That was his only pause. Midnight struck, one and two o'clock, but his pen only flew the faster. Many curious glances were cast upon him, the man in rags with the burning eyes, who wrote as though possessed by some inexorcisable demon. At last Rawlinson came softly to his side and took up a handful of the wet sheets. He was smoking a cigarette, for his own labours were nearly over, but as he read it burned out between his fingers. He beckoned to another man, and silently passed him some of the sheets. They drew a little on one side.

"Wonderful," the other man whispered, in a tone of rare enthusiasm."Who on earth is he?"

Rawlinson shook his head.

"No idea. He came here like that—nearly fainted before my eyes—wanted to write something in Austin's line—looked as though he could do it too. I gave him half a sovereign to get something to eat, and told him to come back. There he's been ever since—nearly three hours. What a study for one of those lurid sketches of Forbes' as he sits now."

"I never read anything like it," the newcomer said. "He's a magnificent find. How on earth did a man who can do work like that get into such a state?"

Rawlinson shrugged his shoulders.

"Who can tell. Not drink, I should say. Laziness perhaps, or ill-luck. I only know that to-night he has written his way on to the staff of this paper."

The other man was watching Douglas as though fascinated.

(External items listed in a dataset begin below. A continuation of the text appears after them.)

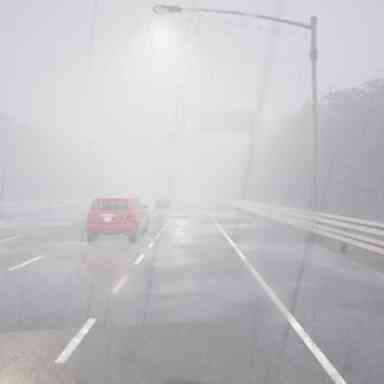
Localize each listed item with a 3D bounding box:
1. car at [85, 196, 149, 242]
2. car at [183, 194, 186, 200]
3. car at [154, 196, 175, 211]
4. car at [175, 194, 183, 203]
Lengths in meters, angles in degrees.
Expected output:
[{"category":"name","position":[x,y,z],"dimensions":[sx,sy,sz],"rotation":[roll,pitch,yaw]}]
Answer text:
[{"category":"car","position":[-3.489,1.218,16.406],"dimensions":[2.150,2.045,5.566],"rotation":[0,0,0]},{"category":"car","position":[-3.304,1.548,93.898],"dimensions":[1.895,1.301,4.718],"rotation":[0,0,0]},{"category":"car","position":[-3.436,1.456,40.643],"dimensions":[1.882,1.535,5.008],"rotation":[0,0,0]},{"category":"car","position":[-3.371,1.491,67.768],"dimensions":[1.812,1.442,4.674],"rotation":[0,0,0]}]
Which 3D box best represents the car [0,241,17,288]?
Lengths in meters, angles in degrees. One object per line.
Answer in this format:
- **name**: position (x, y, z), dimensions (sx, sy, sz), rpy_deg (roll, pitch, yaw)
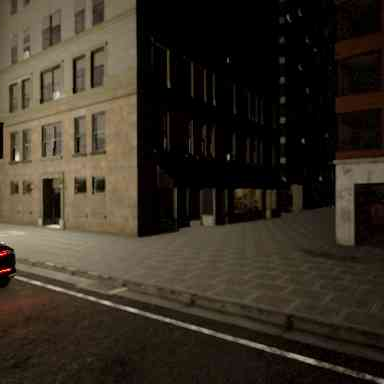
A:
- **car**: position (-6.158, 1.536, 8.082), dimensions (4.902, 1.511, 2.128), rpy_deg (0, 0, 36)
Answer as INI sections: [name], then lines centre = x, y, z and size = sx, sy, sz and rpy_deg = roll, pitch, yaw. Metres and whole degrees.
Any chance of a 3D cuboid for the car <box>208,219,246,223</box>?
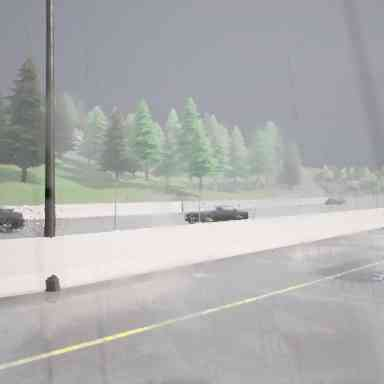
[car]
centre = 1.705, 1.601, 23.061
size = 4.718, 1.301, 1.895
rpy_deg = 0, 0, -40
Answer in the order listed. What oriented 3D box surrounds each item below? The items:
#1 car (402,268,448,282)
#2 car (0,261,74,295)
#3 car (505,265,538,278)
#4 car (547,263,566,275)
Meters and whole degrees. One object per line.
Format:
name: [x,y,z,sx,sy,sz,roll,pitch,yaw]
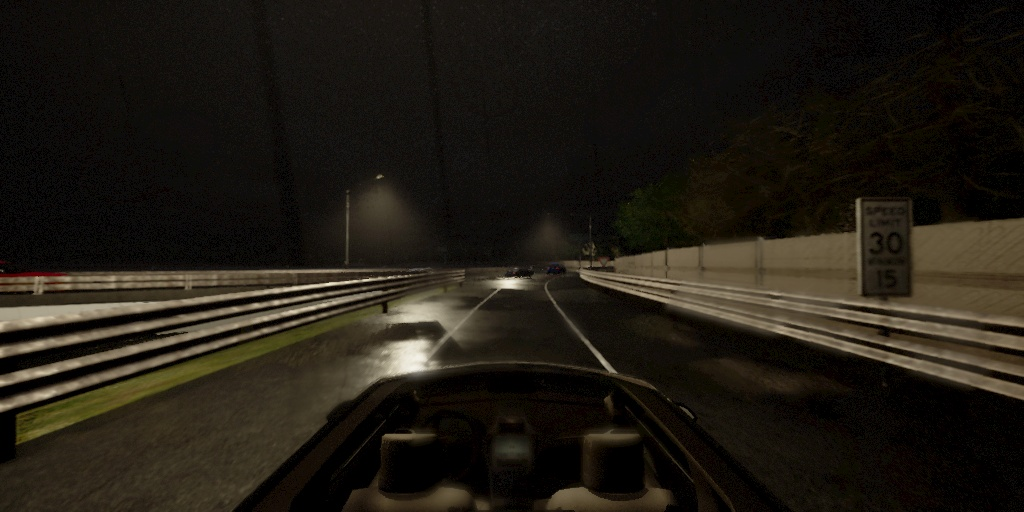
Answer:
car: [-8.455,1.914,35.271,2.128,1.511,4.902,-1,-2,39]
car: [-26.361,1.210,17.982,5.566,2.045,2.150,1,-1,-38]
car: [1.014,2.294,48.753,2.033,1.411,5.357,-1,-1,31]
car: [7.773,2.286,62.114,2.150,2.045,5.566,0,-1,23]
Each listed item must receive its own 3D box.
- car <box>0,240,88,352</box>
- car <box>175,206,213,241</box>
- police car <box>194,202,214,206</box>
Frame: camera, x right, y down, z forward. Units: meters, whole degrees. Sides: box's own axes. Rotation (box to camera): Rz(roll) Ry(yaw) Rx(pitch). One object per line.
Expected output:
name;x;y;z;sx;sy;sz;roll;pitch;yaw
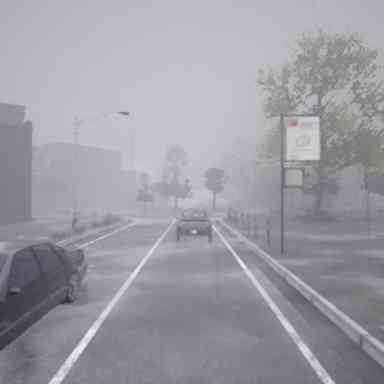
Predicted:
car;-3.341;1.576;5.536;2.033;1.411;5.357;0;0;0
car;0.097;1.712;18.017;2.128;1.511;4.902;0;-1;0
police car;0.756;2.050;33.689;2.038;1.542;4.974;0;-1;8
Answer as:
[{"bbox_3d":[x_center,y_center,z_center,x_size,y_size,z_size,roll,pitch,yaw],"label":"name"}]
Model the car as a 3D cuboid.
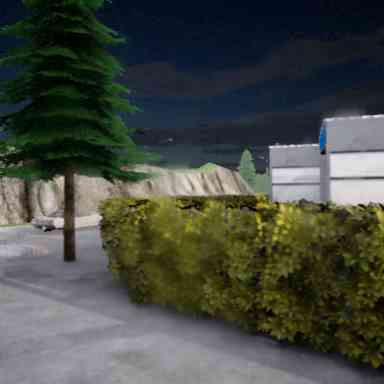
[{"bbox_3d":[-7.223,1.722,20.628,1.895,1.301,4.718,0,0,29],"label":"car"}]
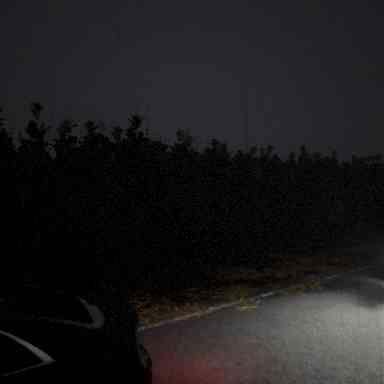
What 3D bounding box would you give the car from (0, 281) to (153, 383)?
[{"bbox_3d":[-2.621,1.514,2.119,4.892,1.490,1.837,0,0,-35],"label":"car"}]
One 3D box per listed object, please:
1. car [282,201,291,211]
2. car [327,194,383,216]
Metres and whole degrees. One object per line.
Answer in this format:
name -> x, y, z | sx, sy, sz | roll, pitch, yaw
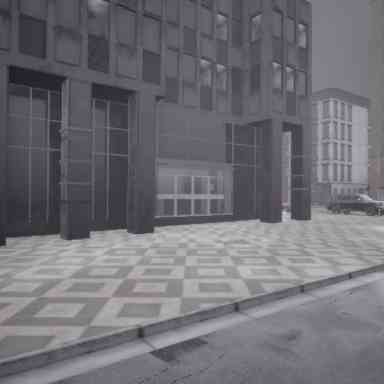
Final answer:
car -> 9.964, 1.498, 39.999 | 1.812, 1.442, 4.674 | 1, 0, -36
car -> 15.793, 1.190, 31.880 | 2.150, 2.045, 5.566 | 1, -1, -36

"He has written his way into greater things," he murmured. "It makes one feel like a hackneyed 'penny-a-liner' to read work like that."

"He's about done up," Rawlinson said. "Do you think I ought to stop him?"

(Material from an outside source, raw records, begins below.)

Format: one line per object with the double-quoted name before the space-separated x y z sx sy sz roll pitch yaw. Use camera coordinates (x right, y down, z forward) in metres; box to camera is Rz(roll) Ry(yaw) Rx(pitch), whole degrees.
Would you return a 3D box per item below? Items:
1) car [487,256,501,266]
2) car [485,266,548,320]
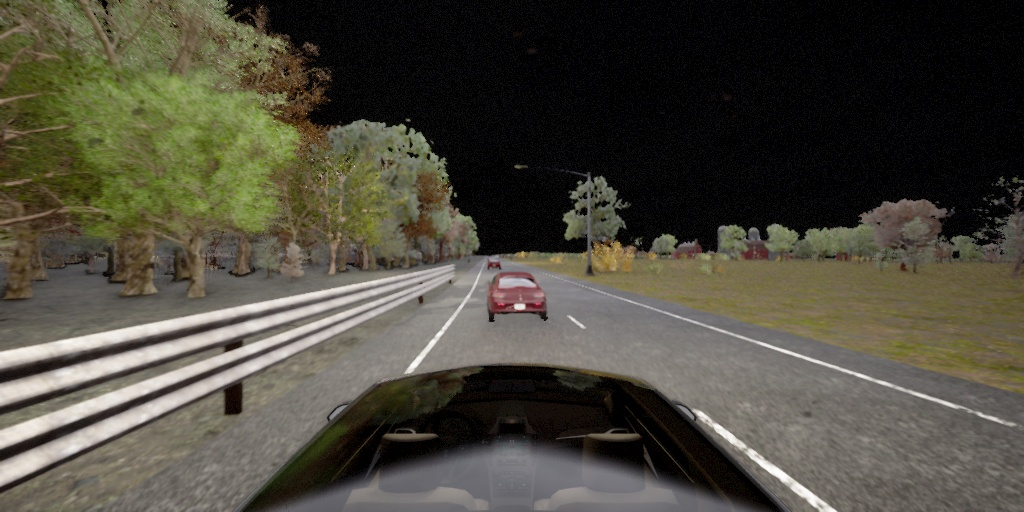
"car" -2.614 1.131 52.260 1.882 1.535 5.008 0 0 -4
"car" 0.065 1.254 12.365 1.812 1.442 4.674 0 0 -4
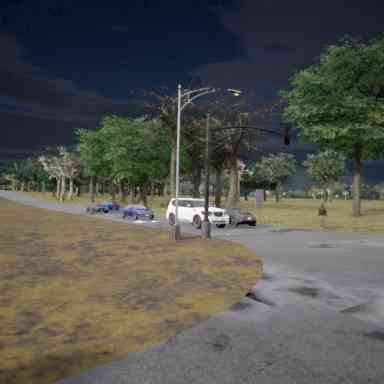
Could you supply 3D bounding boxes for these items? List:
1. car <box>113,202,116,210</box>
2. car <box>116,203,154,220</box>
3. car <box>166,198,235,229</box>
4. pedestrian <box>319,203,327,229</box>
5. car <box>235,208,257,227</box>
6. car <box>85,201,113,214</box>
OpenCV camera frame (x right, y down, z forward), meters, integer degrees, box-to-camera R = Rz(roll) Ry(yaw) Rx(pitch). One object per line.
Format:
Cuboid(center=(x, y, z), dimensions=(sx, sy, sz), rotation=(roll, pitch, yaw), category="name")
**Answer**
Cuboid(center=(-12.425, 2.124, 49.396), dimensions=(1.882, 1.535, 5.008), rotation=(3, -2, -34), category="car")
Cuboid(center=(-5.349, 1.885, 32.159), dimensions=(1.812, 1.442, 4.674), rotation=(3, -2, -34), category="car")
Cuboid(center=(0.244, 1.458, 23.765), dimensions=(2.150, 2.045, 5.566), rotation=(3, -2, -34), category="car")
Cuboid(center=(9.324, 1.716, 23.841), dimensions=(0.375, 1.860, 0.375), rotation=(1, -1, -34), category="pedestrian")
Cuboid(center=(3.096, 1.940, 26.075), dimensions=(1.994, 1.385, 4.181), rotation=(3, -2, -33), category="car")
Cuboid(center=(-12.057, 2.031, 42.211), dimensions=(1.994, 1.385, 4.181), rotation=(3, -2, -33), category="car")
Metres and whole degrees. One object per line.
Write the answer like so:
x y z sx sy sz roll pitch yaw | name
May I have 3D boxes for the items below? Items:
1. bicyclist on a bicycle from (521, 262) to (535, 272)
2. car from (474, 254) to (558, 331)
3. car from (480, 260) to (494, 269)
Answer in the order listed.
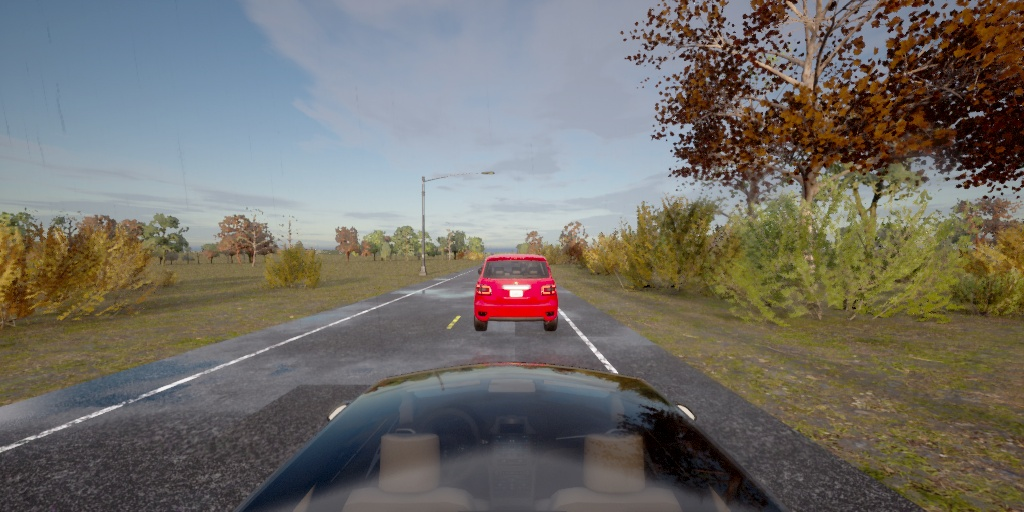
0.945 1.114 18.772 0.659 1.776 1.843 0 0 0 | bicyclist on a bicycle
0.093 0.968 11.066 2.150 2.045 5.566 0 0 0 | car
-3.858 1.299 56.541 1.994 1.385 4.181 0 0 0 | car

"Not likely. If there's such a thing in the world as inspiration he's got it now. Don't miss a line. Let him write till he faints, but have some one watch him and give him a stiff whiskey and soda directly he stops."

"I shall stay myself," Rawlinson said. "It's an 'off' day to-morrow, anyhow. Come and have a drink."

From behind and below came the roar of machinery, rolls of wet proofs came flooding into the room at every moment. Now and then a hansom set down a belated reporter, who passed swiftly in to his work, taking off his coat as he went. Outside the sparrows began to chirp, dawn lightened the sky, and strange gleams of light stole into the vast room. Then suddenly from Douglas's desk came a sound.

Rawlinson rushed up too late to save him. Douglas had swayed for a moment and then fallen over sideways. He lay upon the ground a huddled heap, white and motionless.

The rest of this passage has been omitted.